What the western media ignored was how the opposition, after winning control of the National Assembly, went out of their way to make the situation worse. Two prominent opposition politicians who led the National assembly after 2015 (Julio Borges and Henry Ramos ) both openly boasted about efforts they made to scare foreigners away from doing business with Venezuela. Then in 2017, Trump drastically escalated US sanctions and even began to make military threats against Venezuela. Western media simply ignored how all of that would not only increase the number of people who would vote for Maduro but also intensify the support of his base as it rallied against obvious foreign sabotage of the economy.
Another huge thing the western media ignored in its analysis of the 2018 presidential election was the result of the governor elections of October, 2017. These elections took place only seven months before Maduro’s election victory. Datanalisis and other pollsters that the western media relied on predicted a sweeping victory for the opposition.

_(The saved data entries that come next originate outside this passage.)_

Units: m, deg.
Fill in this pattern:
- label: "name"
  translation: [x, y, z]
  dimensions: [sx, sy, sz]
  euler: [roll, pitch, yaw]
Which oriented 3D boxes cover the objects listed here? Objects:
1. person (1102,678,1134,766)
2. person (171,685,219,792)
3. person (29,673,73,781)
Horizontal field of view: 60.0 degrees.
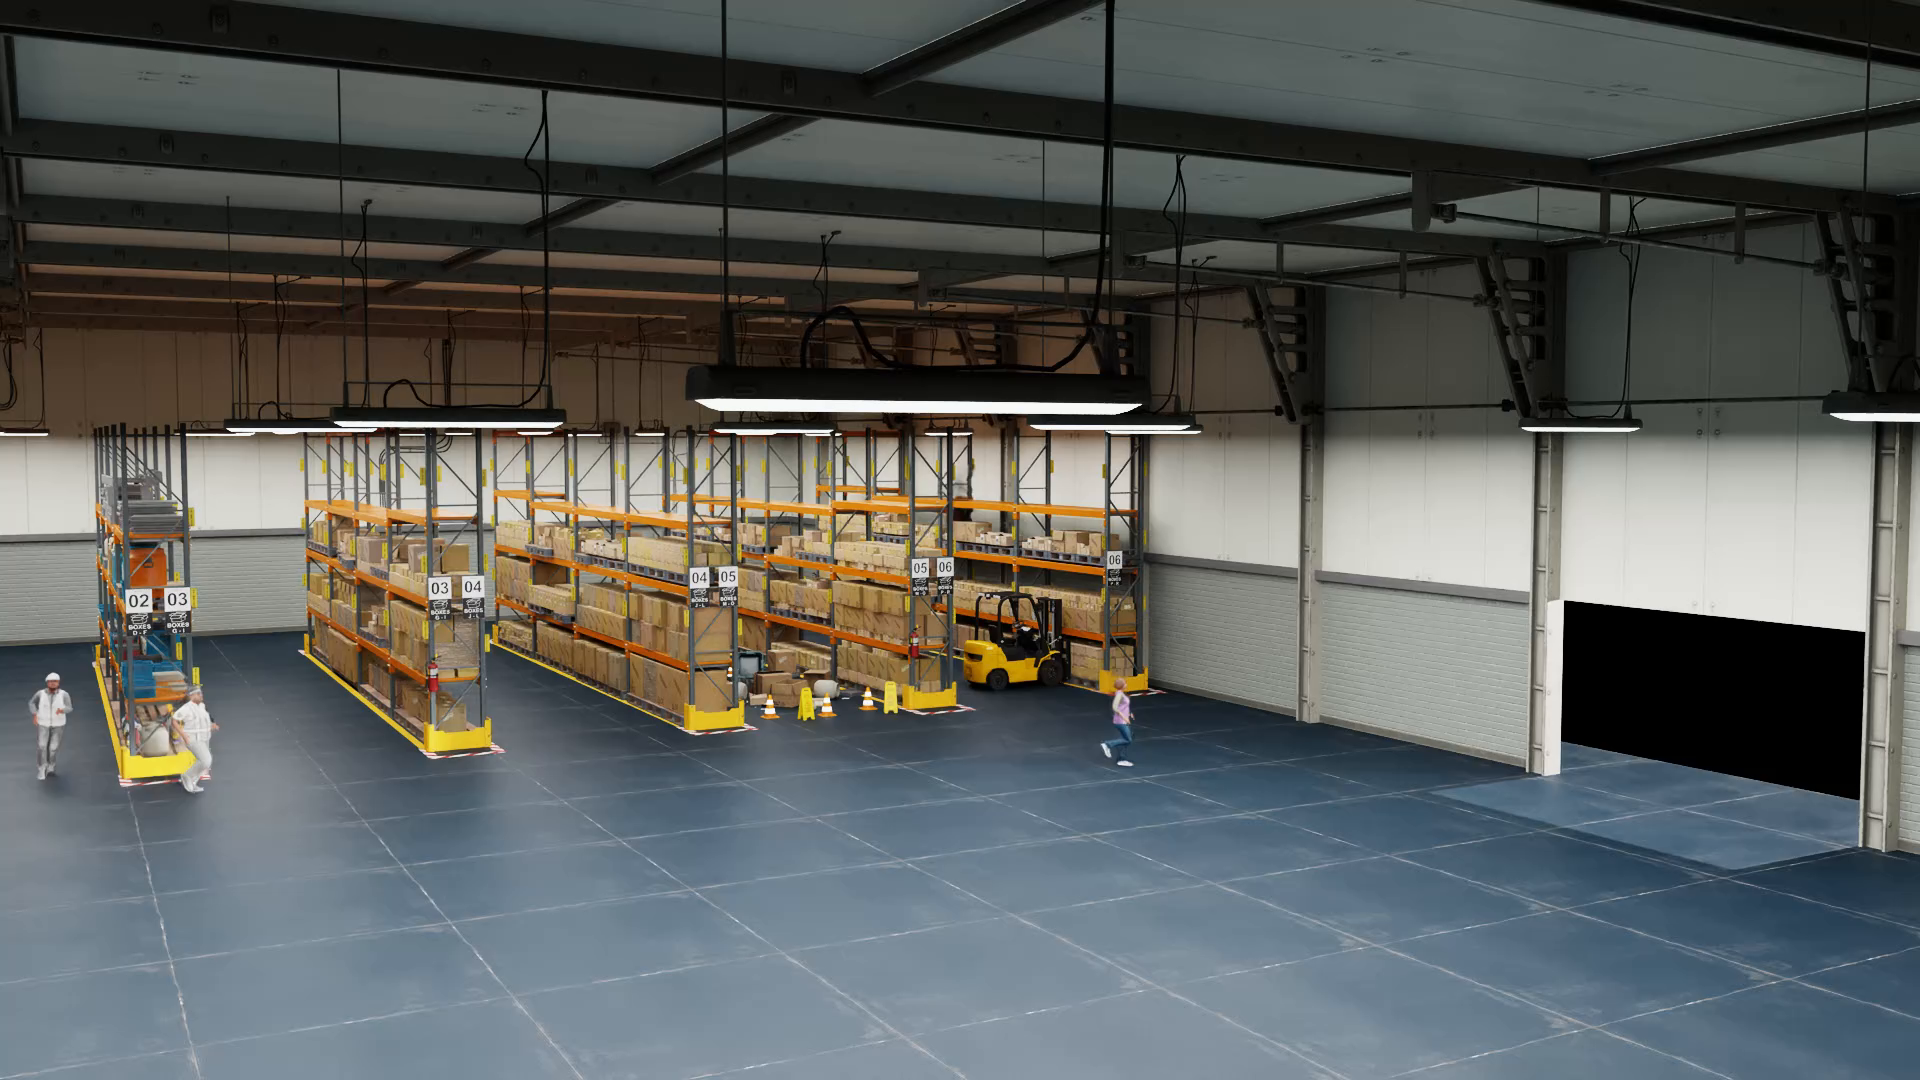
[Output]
- label: "person"
  translation: [2.769, 3.187, 29.139]
  dimensions: [0.549, 1.558, 0.537]
  euler: [0, 3, 8]
- label: "person"
  translation: [-12.290, 3.213, 26.881]
  dimensions: [0.611, 1.741, 0.651]
  euler: [0, 3, 6]
- label: "person"
  translation: [-15.432, 3.160, 28.176]
  dimensions: [0.576, 1.825, 0.763]
  euler: [-2, 4, -31]

The exact opposite happened. Chavismo swept those elections. And turnout was not low. At 61%, it would be a high turnout for a US presidential election. Maduro’s allies received 6 million votes nationwide, the total that Maduro received months later, and even Francisco Rodriguez (a Maduro opponent who would go on to be a key advisor to Henri Falcon) said that fraud could not explain the results. The explanation, according to him, was basically that the opposition supported Trump’s sanctions.
The 6 million votes Maduro received in 2018 correspond to about 30% of the electorate. A Pew Research poll, a very western Establishment source, conducted several months after the presidential election found that 33 percent of Venezuelans “trust the national government to do what is right for Venezuela”. There was no excuse for the western media to cast doubt on Maduro’s victory or the number of votes he received.
Another thing the western media lacked in its analysis of Maduro’s victory in 2018 was self-awareness about elections in countries like the USA, Canada and the UK, where election winners often receive the votes of about 30% of the electorate like Maduro did. And sometimes winners in western countries have received less than that. Barack Obama received 31 percent in 2008 and only 28 percent in 2012. Donald Trump received 26
percent in 2016, and didn’t even win the popular vote.
I’ll leave it there and just stress again that western propaganda doesn’t rely on facts or logic. It relies on repetition and intimidation. Don’t play along with it.